_Brief_: The listing is to be reproduced exactly, excluding its pictures.

_Source material_:
=== Section Start ===

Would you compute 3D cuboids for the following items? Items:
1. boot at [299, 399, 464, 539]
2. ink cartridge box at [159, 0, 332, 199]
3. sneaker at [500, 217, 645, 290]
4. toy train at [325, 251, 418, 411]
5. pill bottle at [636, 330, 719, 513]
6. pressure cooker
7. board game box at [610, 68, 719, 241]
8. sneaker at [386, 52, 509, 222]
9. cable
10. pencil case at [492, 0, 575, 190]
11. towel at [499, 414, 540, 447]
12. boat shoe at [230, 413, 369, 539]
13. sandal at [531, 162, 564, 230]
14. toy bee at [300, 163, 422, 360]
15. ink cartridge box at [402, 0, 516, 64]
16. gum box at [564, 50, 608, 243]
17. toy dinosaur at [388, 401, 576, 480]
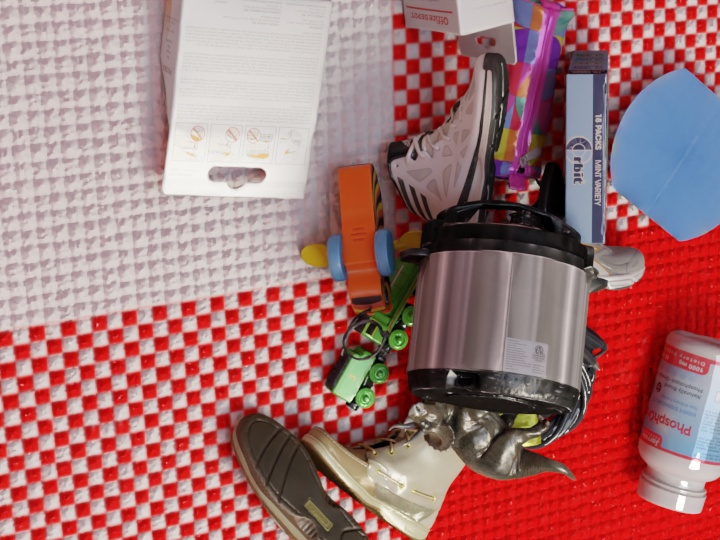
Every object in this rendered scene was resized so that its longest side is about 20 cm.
[{"bbox_3d":[0.039,0.185,1.536,0.200,0.072,0.155,41,81,-30],"label":"boot"},{"bbox_3d":[-0.117,-0.174,1.383,0.160,0.050,0.203,0,111,-29],"label":"ink cartridge box"},{"bbox_3d":[0.238,-0.025,1.589,0.198,0.075,0.093,-4,100,-28],"label":"sneaker"},{"bbox_3d":[0.028,0.055,1.515,0.056,0.042,0.202,30,88,-20],"label":"toy train"},{"bbox_3d":[0.396,0.182,1.703,0.108,0.108,0.203,11,97,-29],"label":"pill bottle"},{"bbox_3d":[0.139,0.032,1.380,0.175,0.177,0.203,20,73,-52],"label":"pressure cooker"},{"bbox_3d":[0.367,-0.135,1.651,0.199,0.039,0.159,33,91,-25],"label":"board game box"},{"bbox_3d":[0.083,-0.132,1.436,0.114,0.076,0.203,14,123,10],"label":"sneaker"},{"bbox_3d":[0.189,0.114,1.612,0.199,0.051,0.164,30,94,-38],"label":"cable"},{"bbox_3d":[0.171,-0.189,1.502,0.087,0.088,0.203,4,99,-29],"label":"pencil case"},{"bbox_3d":[0.145,0.094,1.529,0.085,0.018,0.203,-7,94,-8],"label":"towel"},{"bbox_3d":[-0.076,0.241,1.487,0.072,0.076,0.201,-39,96,-35],"label":"boat shoe"},{"bbox_3d":[0.182,-0.015,1.501,0.075,0.045,0.203,-26,125,-60],"label":"sandal"},{"bbox_3d":[0.000,0.000,1.452,0.109,0.129,0.202,57,50,-68],"label":"toy bee"},{"bbox_3d":[0.092,-0.303,1.413,0.066,0.116,0.203,-16,109,-24],"label":"ink cartridge box"},{"bbox_3d":[0.239,-0.135,1.496,0.044,0.200,0.172,1,106,9],"label":"gum box"},{"bbox_3d":[0.134,0.173,1.496,0.199,0.077,0.103,34,99,-14],"label":"toy dinosaur"}]
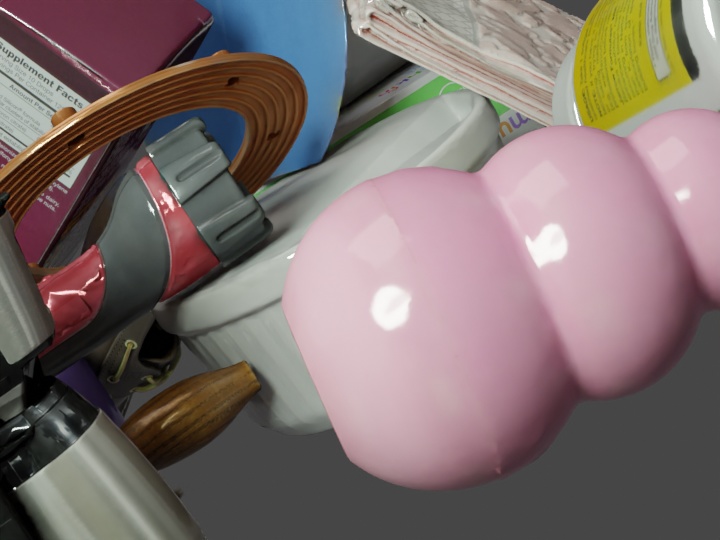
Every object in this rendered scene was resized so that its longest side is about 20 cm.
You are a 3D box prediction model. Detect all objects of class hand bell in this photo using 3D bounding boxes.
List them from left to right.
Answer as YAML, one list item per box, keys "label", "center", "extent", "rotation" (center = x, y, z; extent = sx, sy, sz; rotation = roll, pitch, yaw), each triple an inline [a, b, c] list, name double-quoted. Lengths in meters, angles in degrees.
- label: "hand bell"
  center: [-0.132, 0.103, 0.874]
  extent: [0.199, 0.104, 0.104]
  rotation: [-31, 12, -6]

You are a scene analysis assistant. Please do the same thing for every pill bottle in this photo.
- label: "pill bottle"
  center: [0.158, -0.090, 0.822]
  extent: [0.114, 0.115, 0.200]
  rotation: [-36, 1, -16]

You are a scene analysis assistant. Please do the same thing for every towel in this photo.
- label: "towel"
  center: [0.080, -0.123, 1.006]
  extent: [0.032, 0.190, 0.200]
  rotation: [-61, 14, 19]

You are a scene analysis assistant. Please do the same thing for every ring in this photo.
- label: "ring"
  center: [-0.114, -0.043, 0.922]
  extent: [0.200, 0.019, 0.201]
  rotation: [-30, -19, -11]

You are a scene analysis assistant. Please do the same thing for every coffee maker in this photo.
- label: "coffee maker"
  center: [-0.168, 0.098, 0.734]
  extent: [0.192, 0.200, 0.134]
  rotation: [-41, 14, -36]

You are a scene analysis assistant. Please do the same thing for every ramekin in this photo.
- label: "ramekin"
  center: [0.000, 0.000, 0.955]
  extent: [0.202, 0.094, 0.202]
  rotation: [-31, 12, 7]

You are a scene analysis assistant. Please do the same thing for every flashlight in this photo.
- label: "flashlight"
  center: [-0.138, 0.011, 0.875]
  extent: [0.200, 0.068, 0.068]
  rotation: [-33, -13, -3]

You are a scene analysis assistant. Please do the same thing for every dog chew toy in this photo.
- label: "dog chew toy"
  center: [0.073, 0.001, 0.723]
  extent: [0.199, 0.125, 0.125]
  rotation: [-25, 12, -1]

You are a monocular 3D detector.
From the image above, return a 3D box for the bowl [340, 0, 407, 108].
- label: "bowl"
  center: [-0.025, -0.147, 1.205]
  extent: [0.200, 0.075, 0.199]
  rotation: [-38, 12, -36]

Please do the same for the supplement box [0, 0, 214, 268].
- label: "supplement box"
  center: [-0.172, -0.066, 1.003]
  extent: [0.200, 0.085, 0.110]
  rotation: [-54, 3, 35]

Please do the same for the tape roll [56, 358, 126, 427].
- label: "tape roll"
  center: [-0.214, 0.127, 1.013]
  extent: [0.199, 0.085, 0.200]
  rotation: [-31, 11, 7]

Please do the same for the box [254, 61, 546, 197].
- label: "box"
  center: [0.000, -0.050, 1.156]
  extent: [0.200, 0.097, 0.176]
  rotation: [-32, 10, -5]

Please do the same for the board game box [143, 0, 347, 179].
- label: "board game box"
  center: [-0.060, -0.126, 1.068]
  extent: [0.039, 0.159, 0.200]
  rotation: [-7, -6, -41]

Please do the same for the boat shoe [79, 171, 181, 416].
- label: "boat shoe"
  center: [-0.132, 0.035, 1.090]
  extent: [0.072, 0.059, 0.201]
  rotation: [-56, -11, -50]
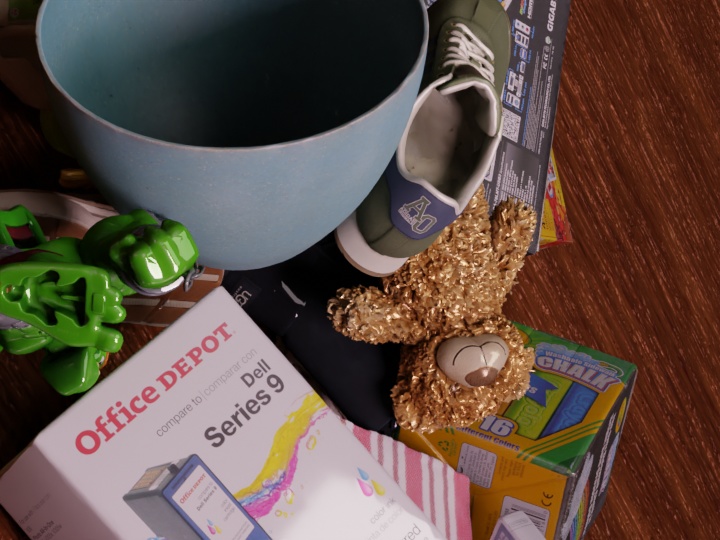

=== Section End ===

_The answer_:
Would you compute 3D cuboids for the following items? Items:
1. boot at [299, 399, 464, 539]
2. ink cartridge box at [159, 0, 332, 199]
3. sneaker at [500, 217, 645, 290]
4. toy train at [325, 251, 418, 411]
5. pill bottle at [636, 330, 719, 513]
6. pressure cooker
7. board game box at [610, 68, 719, 241]
8. sneaker at [386, 52, 509, 222]
9. cable
10. pencil case at [492, 0, 575, 190]
11. towel at [499, 414, 540, 447]
12. boat shoe at [230, 413, 369, 539]
13. sandal at [531, 162, 564, 230]
14. toy bee at [300, 163, 422, 360]
15. ink cartridge box at [402, 0, 516, 64]
16. gum box at [564, 50, 608, 243]
17. toy dinosaur at [388, 401, 576, 480]
Every object in this rendered scene was resized so that its longest side is about 20 cm.
[{"bbox_3d":[0.039,0.185,1.536,0.200,0.072,0.155,41,81,-30],"label":"boot"},{"bbox_3d":[-0.117,-0.174,1.383,0.160,0.050,0.203,0,111,-29],"label":"ink cartridge box"},{"bbox_3d":[0.238,-0.025,1.589,0.198,0.075,0.093,-4,100,-28],"label":"sneaker"},{"bbox_3d":[0.028,0.055,1.515,0.056,0.042,0.202,30,88,-20],"label":"toy train"},{"bbox_3d":[0.396,0.182,1.703,0.108,0.108,0.203,11,97,-29],"label":"pill bottle"},{"bbox_3d":[0.139,0.032,1.380,0.175,0.177,0.203,20,73,-52],"label":"pressure cooker"},{"bbox_3d":[0.367,-0.135,1.651,0.199,0.039,0.159,33,91,-25],"label":"board game box"},{"bbox_3d":[0.083,-0.132,1.436,0.114,0.076,0.203,14,123,10],"label":"sneaker"},{"bbox_3d":[0.189,0.114,1.612,0.199,0.051,0.164,30,94,-38],"label":"cable"},{"bbox_3d":[0.171,-0.189,1.502,0.087,0.088,0.203,4,99,-29],"label":"pencil case"},{"bbox_3d":[0.145,0.094,1.529,0.085,0.018,0.203,-7,94,-8],"label":"towel"},{"bbox_3d":[-0.076,0.241,1.487,0.072,0.076,0.201,-39,96,-35],"label":"boat shoe"},{"bbox_3d":[0.182,-0.015,1.501,0.075,0.045,0.203,-26,125,-60],"label":"sandal"},{"bbox_3d":[0.000,0.000,1.452,0.109,0.129,0.202,57,50,-68],"label":"toy bee"},{"bbox_3d":[0.092,-0.303,1.413,0.066,0.116,0.203,-16,109,-24],"label":"ink cartridge box"},{"bbox_3d":[0.239,-0.135,1.496,0.044,0.200,0.172,1,106,9],"label":"gum box"},{"bbox_3d":[0.134,0.173,1.496,0.199,0.077,0.103,34,99,-14],"label":"toy dinosaur"}]
Every object in this rendered scene was resized so that its longest side is about 20 cm.
You are a 3D box prediction model. Detect all objects of class hand bell in this photo using 3D bounding boxes.
List them from left to right.
Answer as YAML, one list item per box, keys "label", "center", "extent", "rotation" (center = x, y, z; extent = sx, sy, sz; rotation = roll, pitch, yaw), each triple an inline [a, b, c] list, name double-quoted. Lengths in meters, angles in degrees.
- label: "hand bell"
  center: [-0.132, 0.103, 0.874]
  extent: [0.199, 0.104, 0.104]
  rotation: [-31, 12, -6]

You are a scene analysis assistant. Please do the same thing for every pill bottle in this photo.
- label: "pill bottle"
  center: [0.158, -0.090, 0.822]
  extent: [0.114, 0.115, 0.200]
  rotation: [-36, 1, -16]

You are a scene analysis assistant. Please do the same thing for every towel in this photo.
- label: "towel"
  center: [0.080, -0.123, 1.006]
  extent: [0.032, 0.190, 0.200]
  rotation: [-61, 14, 19]

You are a scene analysis assistant. Please do the same thing for every ring in this photo.
- label: "ring"
  center: [-0.114, -0.043, 0.922]
  extent: [0.200, 0.019, 0.201]
  rotation: [-30, -19, -11]

You are a scene analysis assistant. Please do the same thing for every coffee maker in this photo.
- label: "coffee maker"
  center: [-0.168, 0.098, 0.734]
  extent: [0.192, 0.200, 0.134]
  rotation: [-41, 14, -36]

You are a scene analysis assistant. Please do the same thing for every ramekin in this photo.
- label: "ramekin"
  center: [0.000, 0.000, 0.955]
  extent: [0.202, 0.094, 0.202]
  rotation: [-31, 12, 7]

You are a scene analysis assistant. Please do the same thing for every flashlight in this photo.
- label: "flashlight"
  center: [-0.138, 0.011, 0.875]
  extent: [0.200, 0.068, 0.068]
  rotation: [-33, -13, -3]

You are a scene analysis assistant. Please do the same thing for every dog chew toy in this photo.
- label: "dog chew toy"
  center: [0.073, 0.001, 0.723]
  extent: [0.199, 0.125, 0.125]
  rotation: [-25, 12, -1]

You are a monocular 3D detector.
From the image above, return a 3D box for the bowl [340, 0, 407, 108].
- label: "bowl"
  center: [-0.025, -0.147, 1.205]
  extent: [0.200, 0.075, 0.199]
  rotation: [-38, 12, -36]

Please do the same for the supplement box [0, 0, 214, 268].
- label: "supplement box"
  center: [-0.172, -0.066, 1.003]
  extent: [0.200, 0.085, 0.110]
  rotation: [-54, 3, 35]

Please do the same for the tape roll [56, 358, 126, 427].
- label: "tape roll"
  center: [-0.214, 0.127, 1.013]
  extent: [0.199, 0.085, 0.200]
  rotation: [-31, 11, 7]

Please do the same for the box [254, 61, 546, 197].
- label: "box"
  center: [0.000, -0.050, 1.156]
  extent: [0.200, 0.097, 0.176]
  rotation: [-32, 10, -5]

Please do the same for the board game box [143, 0, 347, 179].
- label: "board game box"
  center: [-0.060, -0.126, 1.068]
  extent: [0.039, 0.159, 0.200]
  rotation: [-7, -6, -41]

Please do the same for the boat shoe [79, 171, 181, 416].
- label: "boat shoe"
  center: [-0.132, 0.035, 1.090]
  extent: [0.072, 0.059, 0.201]
  rotation: [-56, -11, -50]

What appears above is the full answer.